Not really sure if this function should be this "compacted". In this function we are both creating the knockoffs variables and applying the knockoffs statistic. Maybe it could be interesting to have them separate to be able to have more freedom (maybe we want to have knockoffs covariates not computed with the covariance matrix estimation or we want knockoffs statistic without a model like lasso). In the same line, an output like this one is not directly interpretable and the model_x_knockoff_filter is always applied after this. Why compact in the same function the knockoff variable, statistic by not the filter?

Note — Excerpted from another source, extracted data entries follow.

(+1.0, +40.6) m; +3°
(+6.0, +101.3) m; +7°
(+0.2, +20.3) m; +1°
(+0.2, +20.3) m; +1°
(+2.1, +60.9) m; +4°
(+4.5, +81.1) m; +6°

Actually, there is only one way to compute the knockoff statistic. I didn't see the reason for cutting the function more.
Additionally, my other refactoring is more or based on the same "separation" of the function:

the first part of getting some data or test

second part evaluating the p-value from the previous result

Moreover, I was thinking in this case, the test_score was enough for getting the importance variables. Mainly because, for computing the pvalue, there were multiple ways to use this quantity.

To fulfill the knockoffs statistic condition for Candès et al. 2018 it is not mandatory to be of that type. It is true that they are usually lasso or logistic regression, but there may be others. Similarly for the knockoff variable construction, there are other ways of generating them, not forcely with the Covariance matrix. Therefore, I think that they should be better separated, even though they are the standard approaches.

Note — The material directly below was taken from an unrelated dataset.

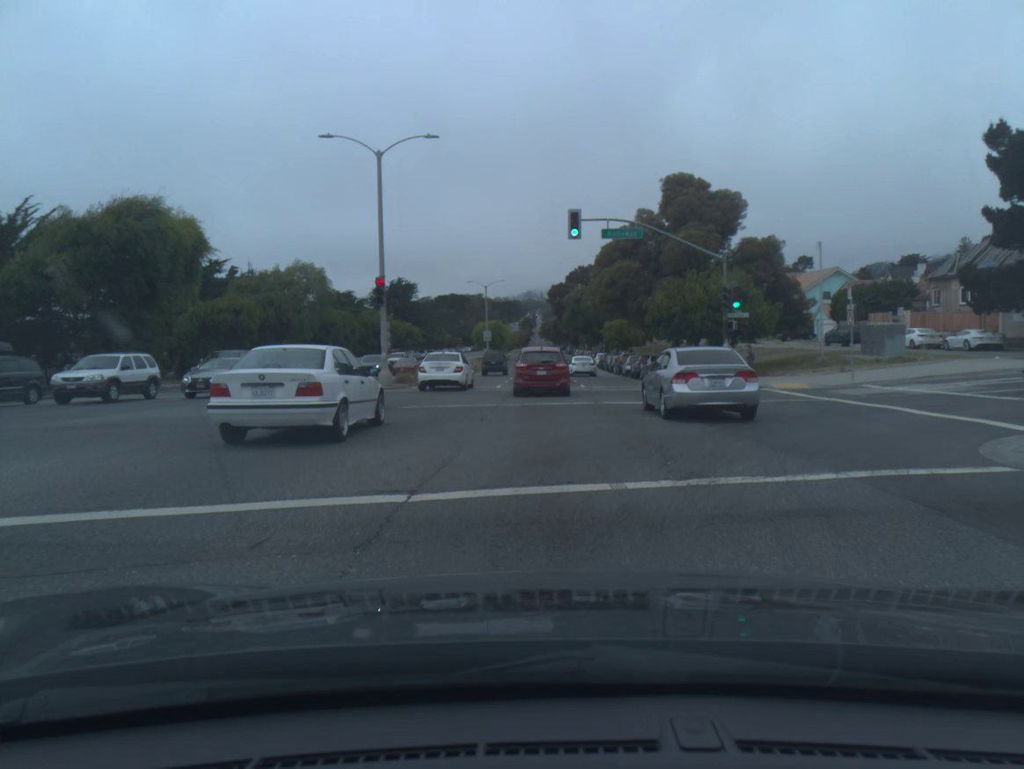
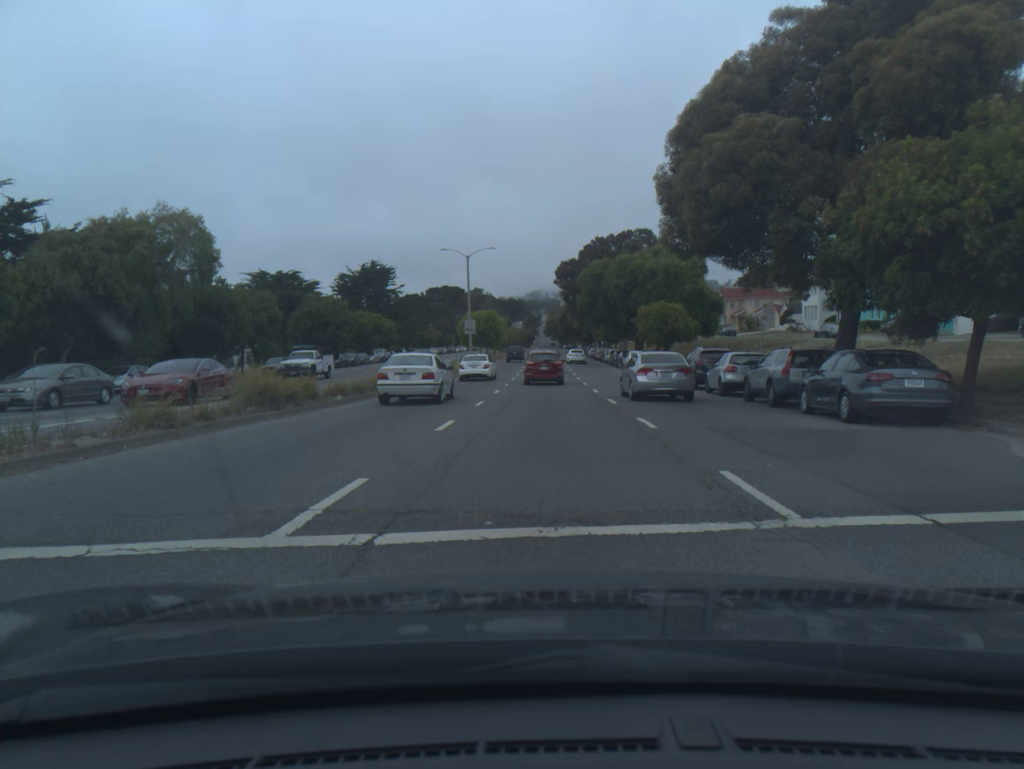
(-0.1, +27.0) m; -1°
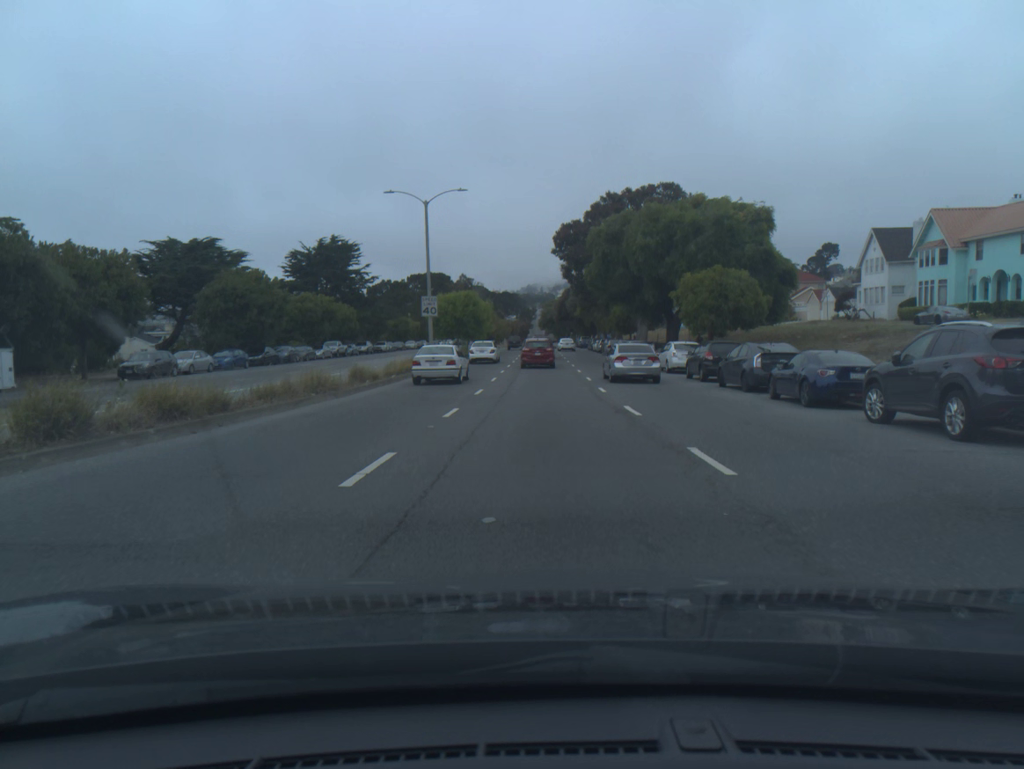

It's quite easy to transform the function _estimate_distribution, _stat_coefficient_diff, gaussian_knockoff_generation into argument.
Due to we don't have yet an example where is required this separation, I prefer to stay with this implementation.

What do you think @bthirion ?

I'd rather keep the full outputs. I don't have a good reason to cut the APIs. It is easy for the user to not consider the outputs he/shi is not interested in.

What do you mean by keeping the full output?

selected, test_score, thresh, X_tilde

I push the modification for a better separation of the API

AngelReyero · 2025-02-05T13:15:52Z

src/hidimstat/knockoffs.py

+        return selected
+    else:
+        return selected, pvals
+


it is also a 'filter', not only computes the p-values. Shouldn't it be more explicit in the function name?

What do you mean by 'filters'?

The name is coming to be homogeneous with the other functions and because there is not another option actually to "filter".

In the same way that you have called the previous function 'model_x_knockoff_filter' because it selects the important covariates, the other aggregated functions and this one, are also filters because they return also the selected covariates

The difference is that the 'model_x_knockoff_filter' is based on a 'filter' proposal in the original paper and the other methods are based on 'empirical_p_value'. For me, this makes the difference.
This is the cause of the name.
I should perhaps change the name of 'model_x_knockoff_filter' to avoid confusion.

I removed the function model_x_knockoff_filter.
Do @AngelReyero think that I should still rename the other functions?

Why did you remove the function?

I didn't really remove it.
I merged this function with model_x_knockoff, following the comments.
Did I miss something?

In that case I think it is consistent.

bthirion

Almost ready to merge now.

bthirion · 2025-02-11T22:58:24Z

src/hidimstat/gaussian_knockoff.py

-    Sigma : 2D ndarray (n_features, n_features)
-        Covariance matrix
+    mu_tilde : 2D ndarray (n_samples, n_features)
+        The matrix of means used to generate the knockoff variables, returned by gaussian_knockoff_generation.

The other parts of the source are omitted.